Stored entries:
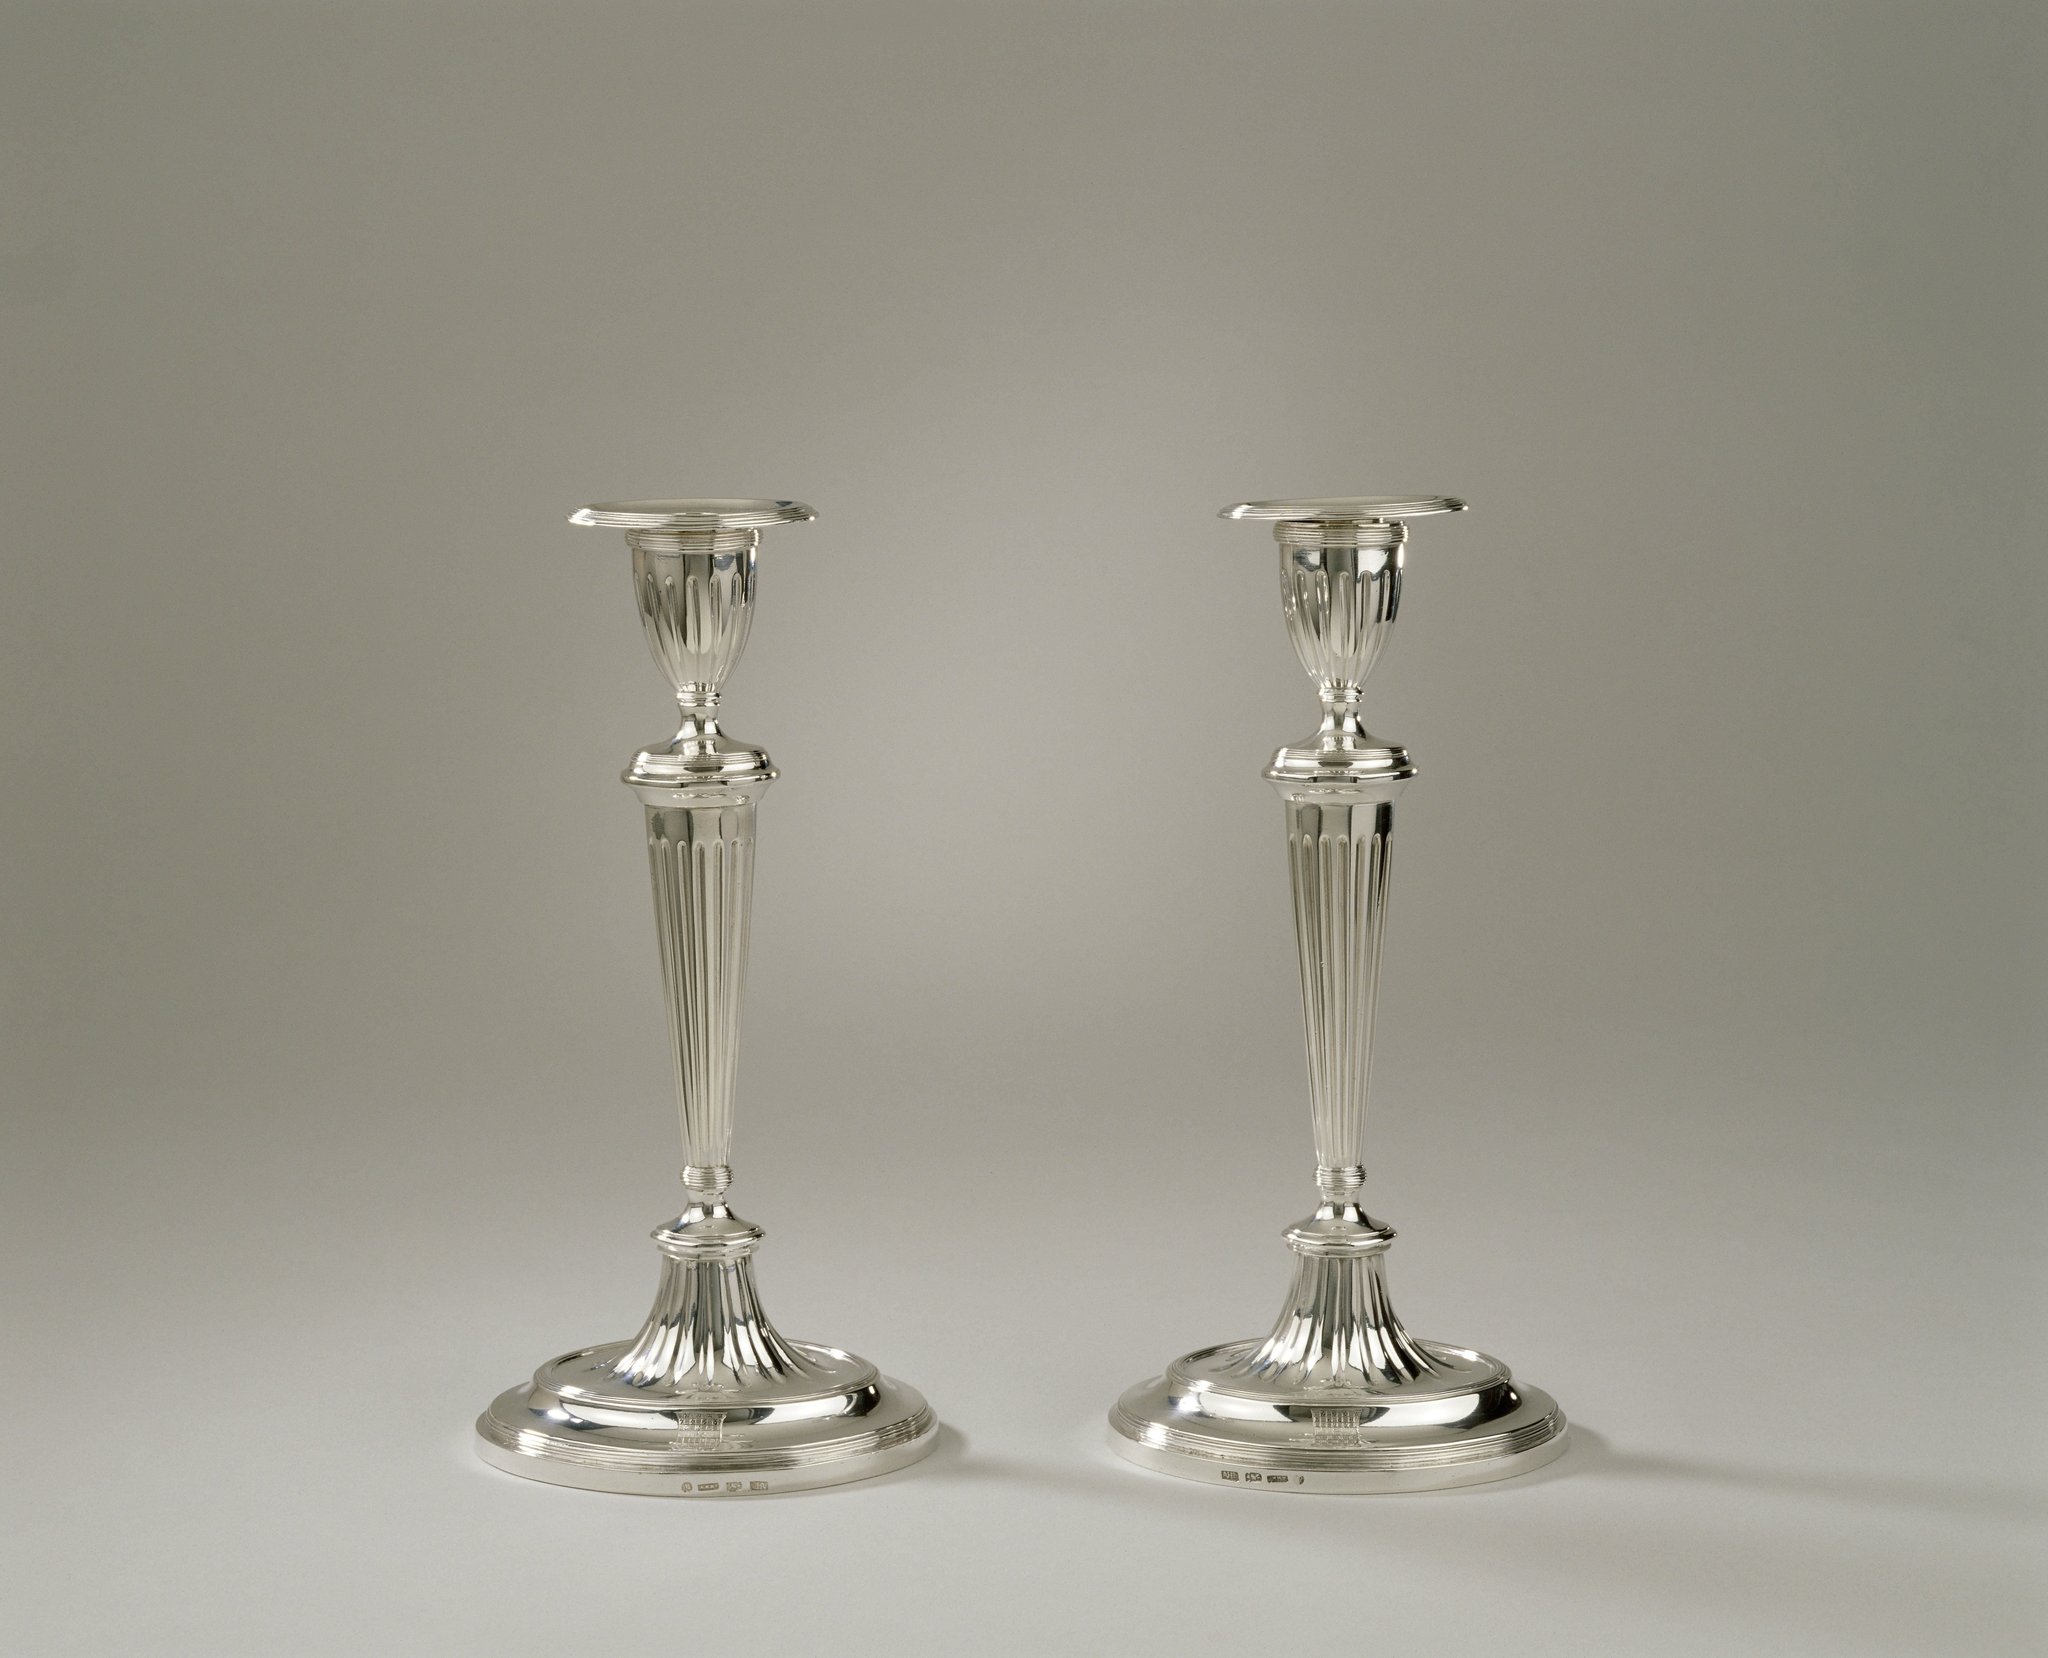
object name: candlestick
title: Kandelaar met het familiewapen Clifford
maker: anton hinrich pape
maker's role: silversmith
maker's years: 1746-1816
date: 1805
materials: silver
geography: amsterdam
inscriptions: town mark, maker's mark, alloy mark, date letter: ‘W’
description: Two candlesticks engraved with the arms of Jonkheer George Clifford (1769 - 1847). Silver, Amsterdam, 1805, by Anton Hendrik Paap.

--

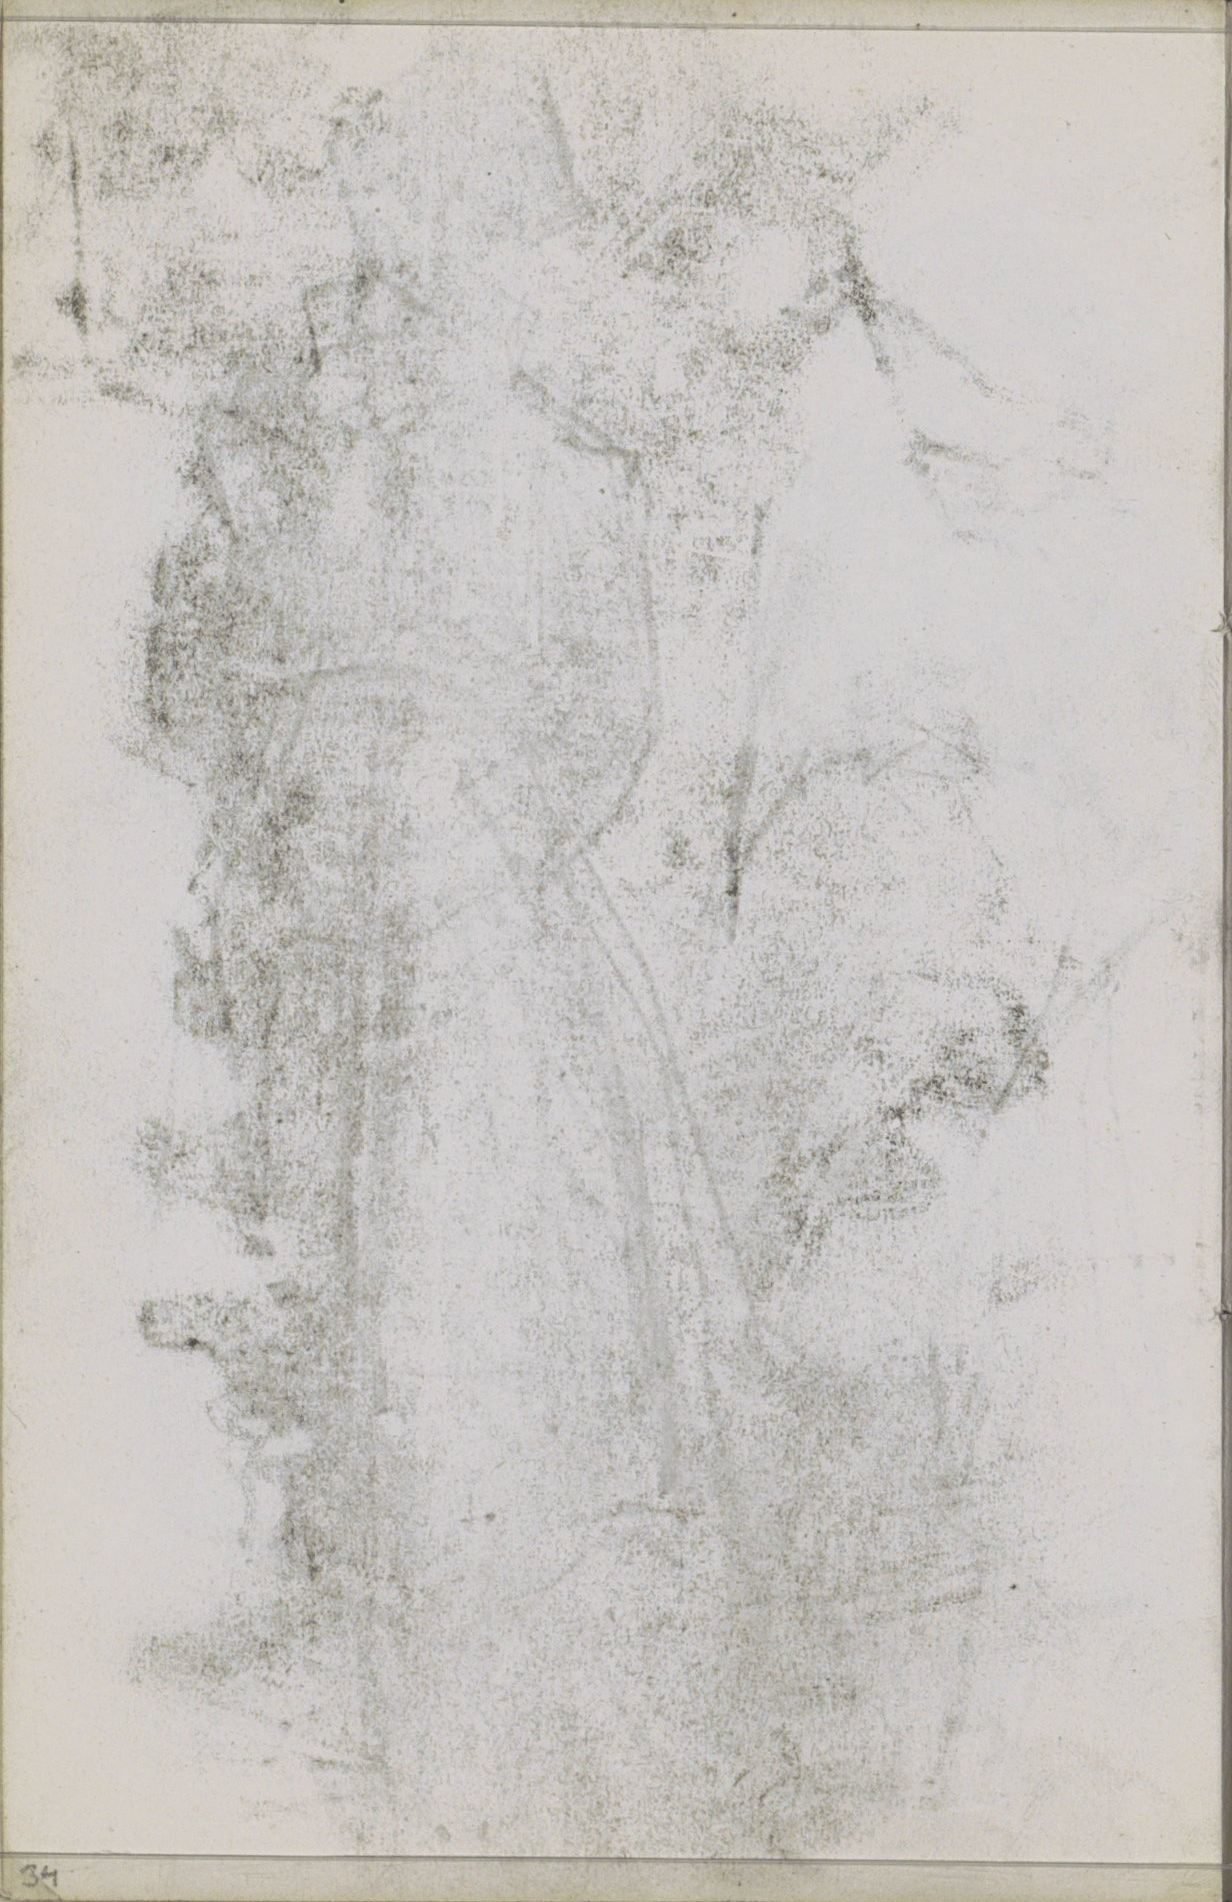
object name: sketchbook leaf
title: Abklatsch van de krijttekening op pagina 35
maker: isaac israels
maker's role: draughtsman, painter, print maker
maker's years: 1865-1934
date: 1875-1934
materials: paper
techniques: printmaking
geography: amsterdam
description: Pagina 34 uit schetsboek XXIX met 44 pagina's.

* * *

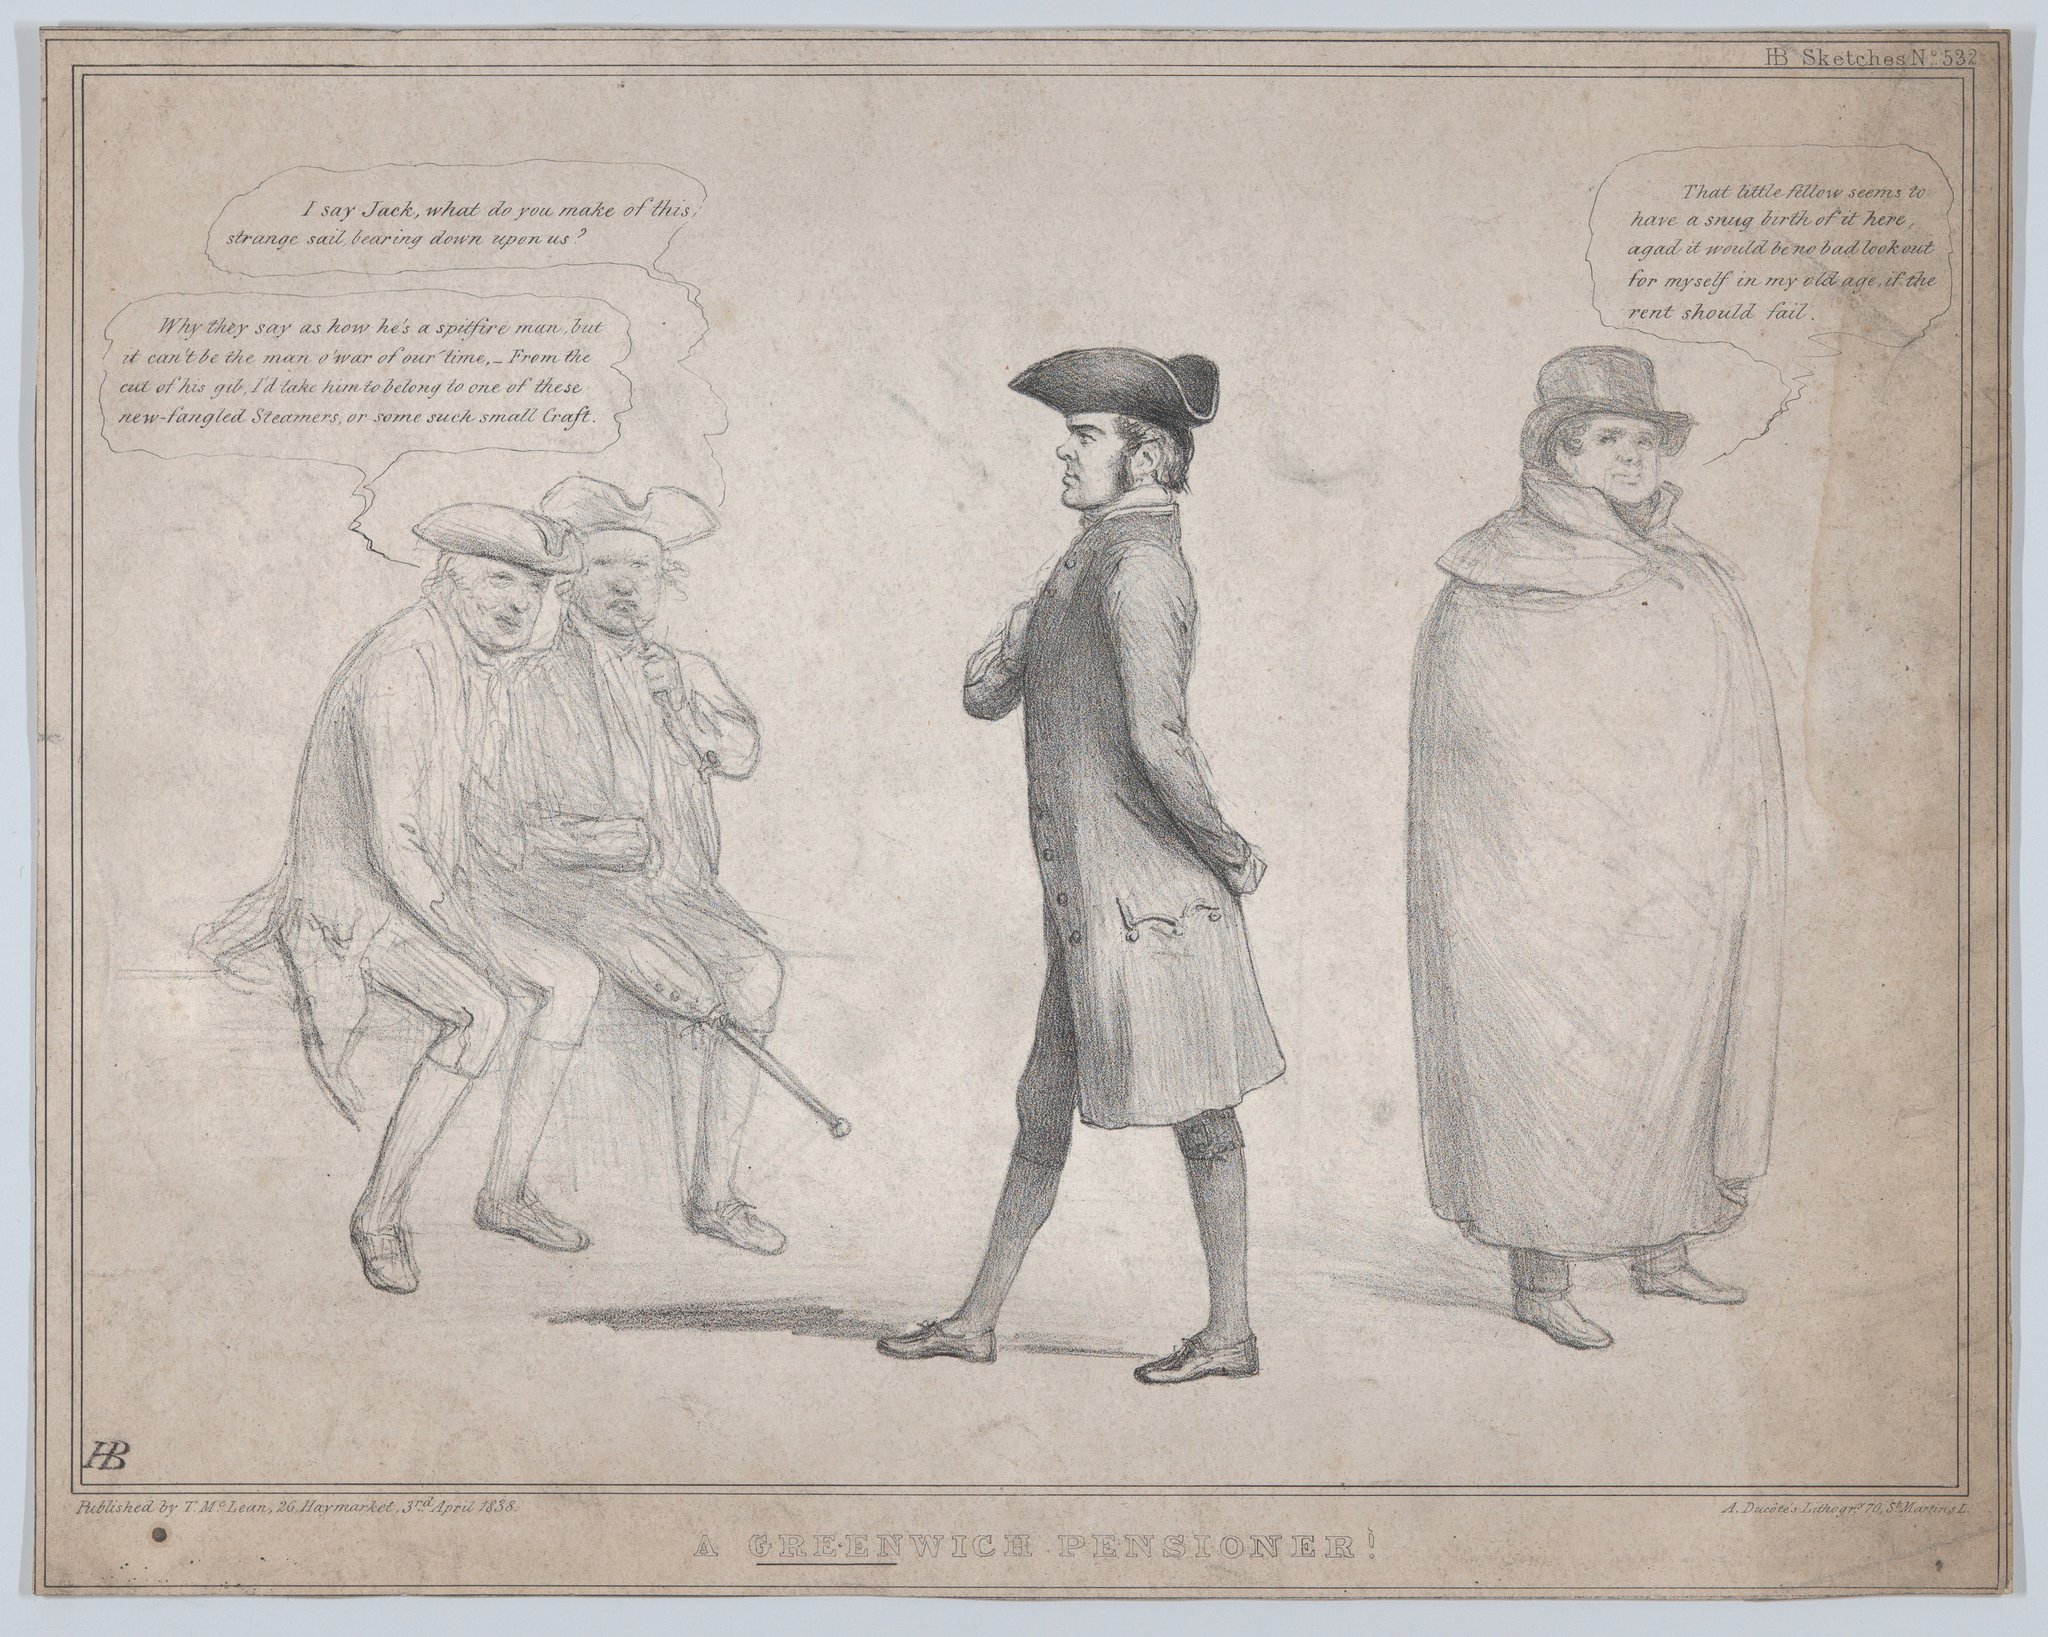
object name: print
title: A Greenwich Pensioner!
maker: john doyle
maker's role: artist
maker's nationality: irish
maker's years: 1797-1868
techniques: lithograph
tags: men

### ASSIGNMENT
Checking each line above, count the ones that hold the word "object" and state the total alone.

### OUTPUT OF THE EXERCISE
3